1. Not useful wrt to the goal

**<h1>Whisker & Violin plots</h1>**

In [None]:
#whisker plot
sns.boxplot(x = 'Survival_status', y = 'Age', data = data)
plt.show()
sns.boxplot(x = 'Survival_status', y = 'Oper_year', data = data)
plt.show()
sns.boxplot(x = 'Survival_status', y = 'Axil_nodes', data = data)
plt.show()

#violin plot
sns.violinplot(x = "Survival_status", y = "Age", data = data, size = 90)
plt.show()
sns.violinplot(x = "Survival_status", y = "Oper_year", data = data, size = 90)
plt.show()
sns.violinplot(x = "Survival_status", y = "Axil_nodes", data = data, size = 90)
plt.show()

**<h1>Histogram, PDF, CDF**



In [None]:
sns.FacetGrid(data, hue = "Survival_status", height = 5).map(sns.distplot, "Age").add_legend()
plt.ylabel('Variance')
sns.FacetGrid(data, hue = "Survival_status", height = 5).map(sns.distplot, "Oper_year").add_legend()
plt.ylabel('Variance')
sns.FacetGrid(data, hue = "Survival_status", height = 5).map(sns.distplot, "Axil_nodes").add_legend()
plt.ylabel('Variance')
plt.show()

**Observation:**

1. Both classes are overlapping; unable to indentify. 

**CDF & PDF feature-wise**


In [None]:
# plotting cdf and pdf by age feature and survival status
counts, bin_edges = np.histogram(survived['Age'], bins=10, density = True)                               
pdf = counts/(sum(counts))
print(pdf)
print(bin_edges)
cdf = np.cumsum(pdf)
plt.xlabel('Age')
plt.plot(bin_edges[1:],pdf, label = 'survived_pdf')
plt.plot(bin_edges[1:], cdf, label = 'survived_cdf')

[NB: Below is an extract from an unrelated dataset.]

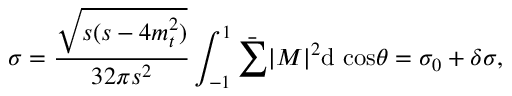Convert formula to latex. <formula><loc_0><loc_0><loc_500><loc_500>\sigma = \frac { \sqrt { s ( s - 4 m _ { t } ^ { 2 } ) } } { 3 2 \pi s ^ { 2 } } \int _ { - 1 } ^ { 1 } \bar { \sum } | M | ^ { 2 } d \ \cos \theta = \sigma _ { 0 } + \delta \sigma ,</formula> 
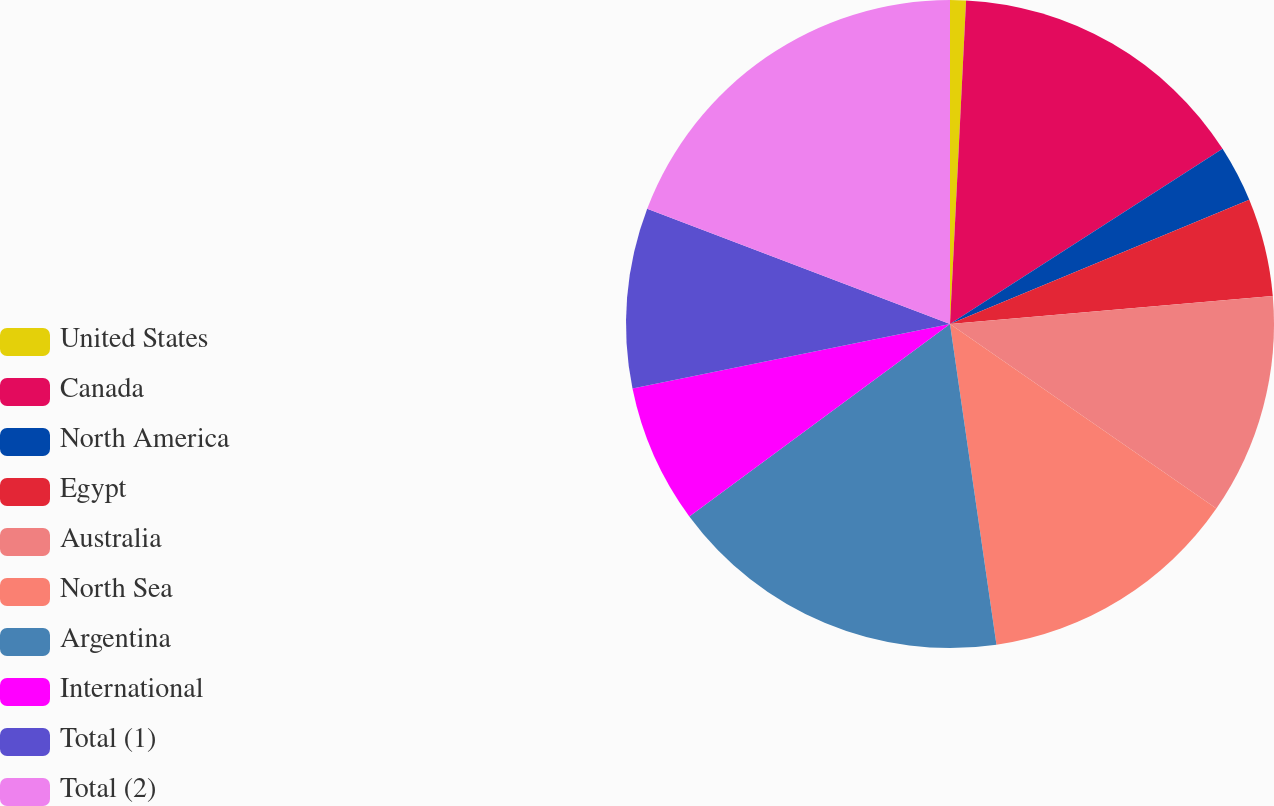Convert chart to OTSL. <chart><loc_0><loc_0><loc_500><loc_500><pie_chart><fcel>United States<fcel>Canada<fcel>North America<fcel>Egypt<fcel>Australia<fcel>North Sea<fcel>Argentina<fcel>International<fcel>Total (1)<fcel>Total (2)<nl><fcel>0.79%<fcel>15.12%<fcel>2.83%<fcel>4.88%<fcel>11.02%<fcel>13.07%<fcel>17.17%<fcel>6.93%<fcel>8.98%<fcel>19.21%<nl></chart>

# plotting cdf and pdf by age feature and non survival status
counts, bin_edges = np.histogram(not_survived['Age'], bins=10, density = True)
pdf = counts/(sum(counts))
print(pdf);
print(bin_edges)
cdf = np.cumsum(pdf)
plt.plot(bin_edges[1:],pdf, label = 'non_survived_pdf')
plt.plot(bin_edges[1:], cdf, label = 'non_survived_cdf')
plt.legend()

plt.show();

In [None]:
# plotting cdf and pdf by year of operation feature and survival status
counts, bin_edges = np.histogram(survived['Oper_year'], bins=10, density = True)                               
pdf = counts/(sum(counts))
print(pdf)
print(bin_edges)
cdf = np.cumsum(pdf)
plt.xlabel('Oper_year')
plt.plot(bin_edges[1:],pdf, label = 'survived_pdf')
plt.plot(bin_edges[1:], cdf, label = 'survived_cdf')

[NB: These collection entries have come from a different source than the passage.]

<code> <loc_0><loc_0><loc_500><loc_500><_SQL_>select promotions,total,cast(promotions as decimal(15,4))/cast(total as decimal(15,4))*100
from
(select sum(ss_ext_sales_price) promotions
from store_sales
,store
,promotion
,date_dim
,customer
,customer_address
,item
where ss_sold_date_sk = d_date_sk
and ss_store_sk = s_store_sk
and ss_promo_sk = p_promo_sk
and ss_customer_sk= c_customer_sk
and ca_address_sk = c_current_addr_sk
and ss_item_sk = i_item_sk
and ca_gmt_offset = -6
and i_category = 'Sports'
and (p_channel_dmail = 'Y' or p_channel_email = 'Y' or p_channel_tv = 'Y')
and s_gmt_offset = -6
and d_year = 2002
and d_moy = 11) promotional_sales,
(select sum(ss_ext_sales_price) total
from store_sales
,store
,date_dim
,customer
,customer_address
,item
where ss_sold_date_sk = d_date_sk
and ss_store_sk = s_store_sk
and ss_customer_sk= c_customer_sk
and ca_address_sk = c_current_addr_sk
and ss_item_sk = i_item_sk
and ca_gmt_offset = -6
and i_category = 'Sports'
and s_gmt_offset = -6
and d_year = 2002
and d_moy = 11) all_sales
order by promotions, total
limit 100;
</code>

# plotting cdf and pdf by year of operation feature and non survival status
counts, bin_edges = np.histogram(not_survived['Oper_year'], bins=10, density = True)
pdf = counts/(sum(counts))
print(pdf);
print(bin_edges)
cdf = np.cumsum(pdf)
plt.plot(bin_edges[1:],pdf, label = 'non_survived_pdf')
plt.plot(bin_edges[1:], cdf, label = 'non_survived_cdf')
plt.legend()

plt.show();

In [None]:
# plotting cdf and pdf by auxiliary nodes feature and survival status
counts, bin_edges = np.histogram(survived['Axil_nodes'], bins=10, density = True)                               
pdf = counts/(sum(counts))
print(pdf)
print(bin_edges)
cdf = np.cumsum(pdf)
plt.xlabel('Axil_nodes')
plt.plot(bin_edges[1:],pdf, label = 'survived_pdf')
plt.plot(bin_edges[1:], cdf, label = 'survived_cdf')

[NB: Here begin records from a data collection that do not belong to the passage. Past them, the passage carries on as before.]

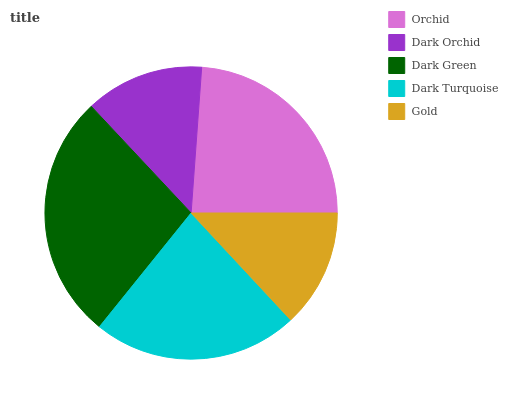Is Gold the minimum?
Answer yes or no. Yes. Is Dark Green the maximum?
Answer yes or no. Yes. Is Dark Orchid the minimum?
Answer yes or no. No. Is Dark Orchid the maximum?
Answer yes or no. No. Is Orchid greater than Dark Orchid?
Answer yes or no. Yes. Is Dark Orchid less than Orchid?
Answer yes or no. Yes. Is Dark Orchid greater than Orchid?
Answer yes or no. No. Is Orchid less than Dark Orchid?
Answer yes or no. No. Is Dark Turquoise the high median?
Answer yes or no. Yes. Is Dark Turquoise the low median?
Answer yes or no. Yes. Is Dark Green the high median?
Answer yes or no. No. Is Dark Green the low median?
Answer yes or no. No.

# plotting cdf and pdf by auxiliary nodes feature and non survival status
counts, bin_edges = np.histogram(not_survived['Axil_nodes'], bins=10, density = True)
pdf = counts/(sum(counts))
print(pdf);
print(bin_edges)
cdf = np.cumsum(pdf)
plt.plot(bin_edges[1:],pdf, label = 'non_survived_pdf')
plt.plot(bin_edges[1:], cdf, label = 'non_survived_cdf')
plt.legend()

plt.show();

**<h1>Observations:</h1>**

1. It is tough to interpret one state of patient and the data is non-uniformly distributed.
2. Somehow, it can be possible that as number of auxiliary nodes and age increases, the rate to survival decreases.